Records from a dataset
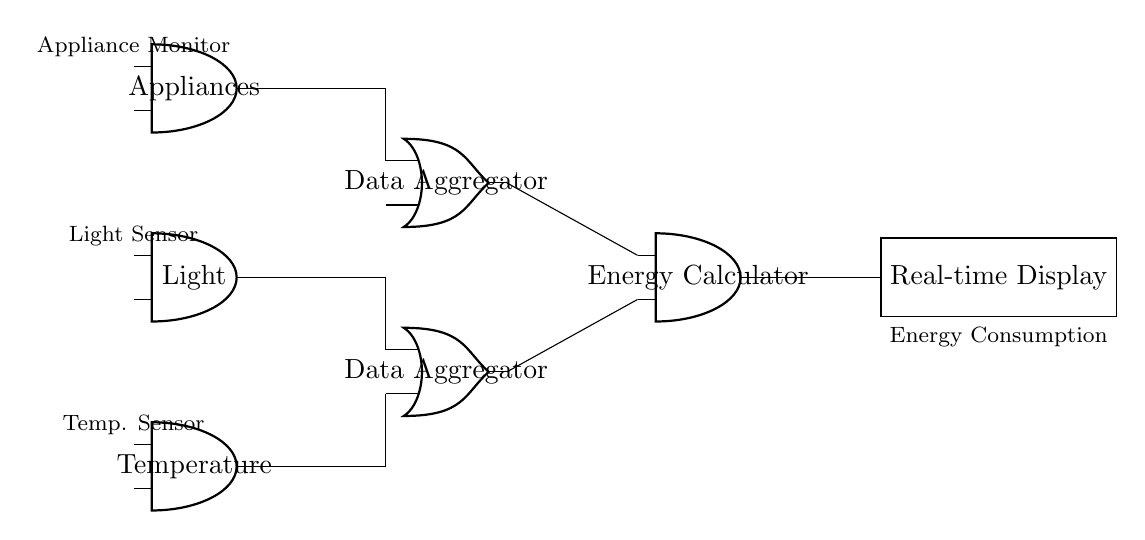What type of circuit is this? This circuit is a logic gate circuit, as indicated by the presence of AND and OR gates, which are used to process input signals to produce output.
Answer: Logic gate How many AND gates are present in this circuit? There are four AND gates shown in the circuit: three at the input (Temperature, Light, Appliances) and one for Energy Calculation.
Answer: Four What is the purpose of the OR gates in this circuit? The OR gates act as data aggregators for combining input signals from the sensor outputs before sending them to the Energy Calculator.
Answer: Data aggregation Which components are used as inputs to the Energy Calculator? The inputs to the Energy Calculator come from the outputs of the two OR gates, which aggregate data from the various sensors.
Answer: OR gate outputs What is displayed at the final output of this circuit? The final output of this circuit is the "Real-time Display," which shows the calculated energy consumption based on the processed data.
Answer: Real-time Display What role does the Temperature Sensor play in this circuit? The Temperature Sensor is an input component providing data related to temperature, which is then processed by the logic gates to track energy consumption.
Answer: Input data How does the data flow from the sensors to the display? Data flows from the Temperature, Light, and Appliance sensors to OR gates that aggregate the signals, then to the AND gate for calculation, and finally to the Real-time Display showing the result.
Answer: Sensor to OR to AND to Display 
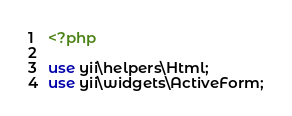<code> <loc_0><loc_0><loc_500><loc_500><_PHP_><?php

use yii\helpers\Html;
use yii\widgets\ActiveForm;
</code> 
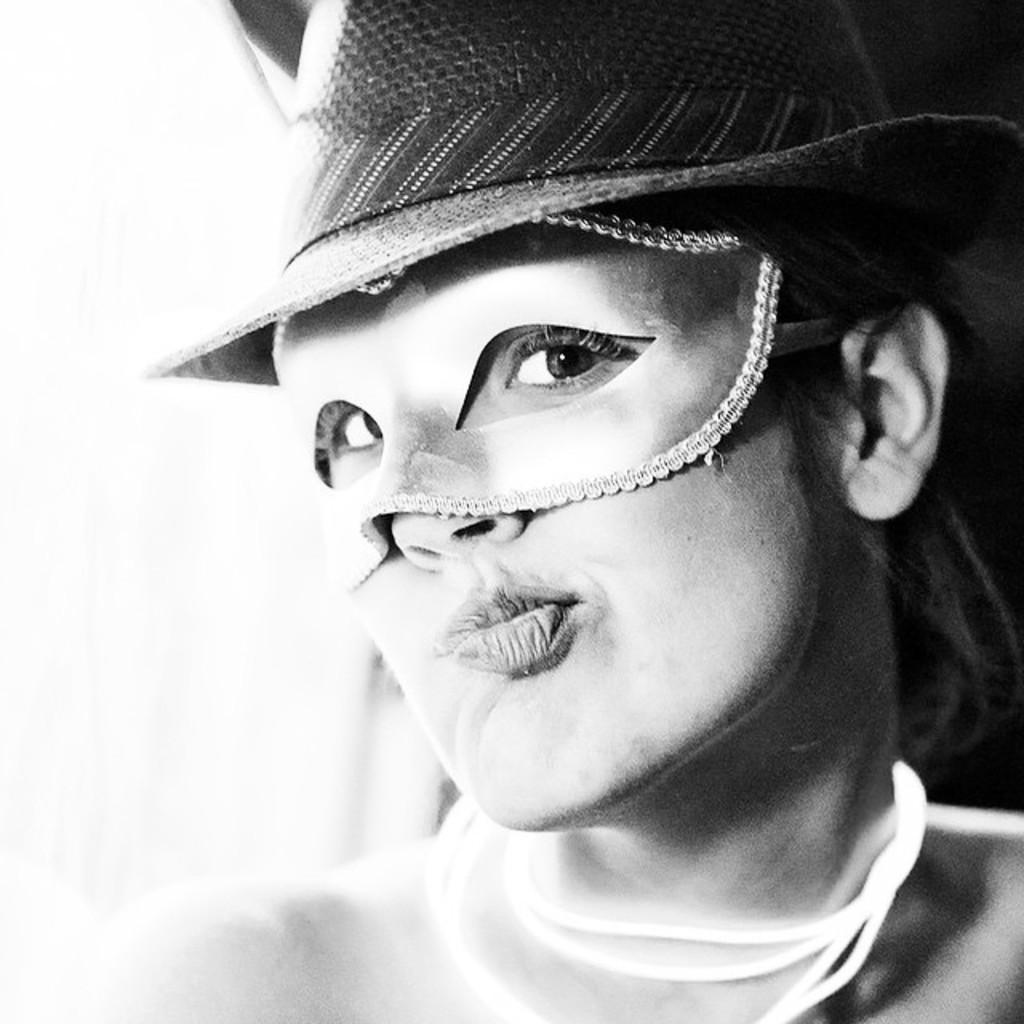What is the color scheme of the image? The image is black and white. Who is present in the image? There is a woman in the image. What is the woman wearing to cover her eyes? The woman is wearing a mask covering her eyes. What type of headwear is the woman wearing? The woman is wearing a hat on her head. What type of silk material is used to make the woman's hat in the image? There is no mention of silk or any specific material used for the hat in the image.

> **Work to be completed**
To answer, repeat exactly the lines from the line containing "use yii\widgets\ActiveForm;" through the last line of the data above, leaving out all pictures.

> **Problem solution**
use yii\widgets\ActiveForm;
</code> 
What is the color scheme of the image? The image is black and white. Who is present in the image? There is a woman in the image. What is the woman wearing to cover her eyes? The woman is wearing a mask covering her eyes. What type of headwear is the woman wearing? The woman is wearing a hat on her head. What type of silk material is used to make the woman's hat in the image? There is no mention of silk or any specific material used for the hat in the image.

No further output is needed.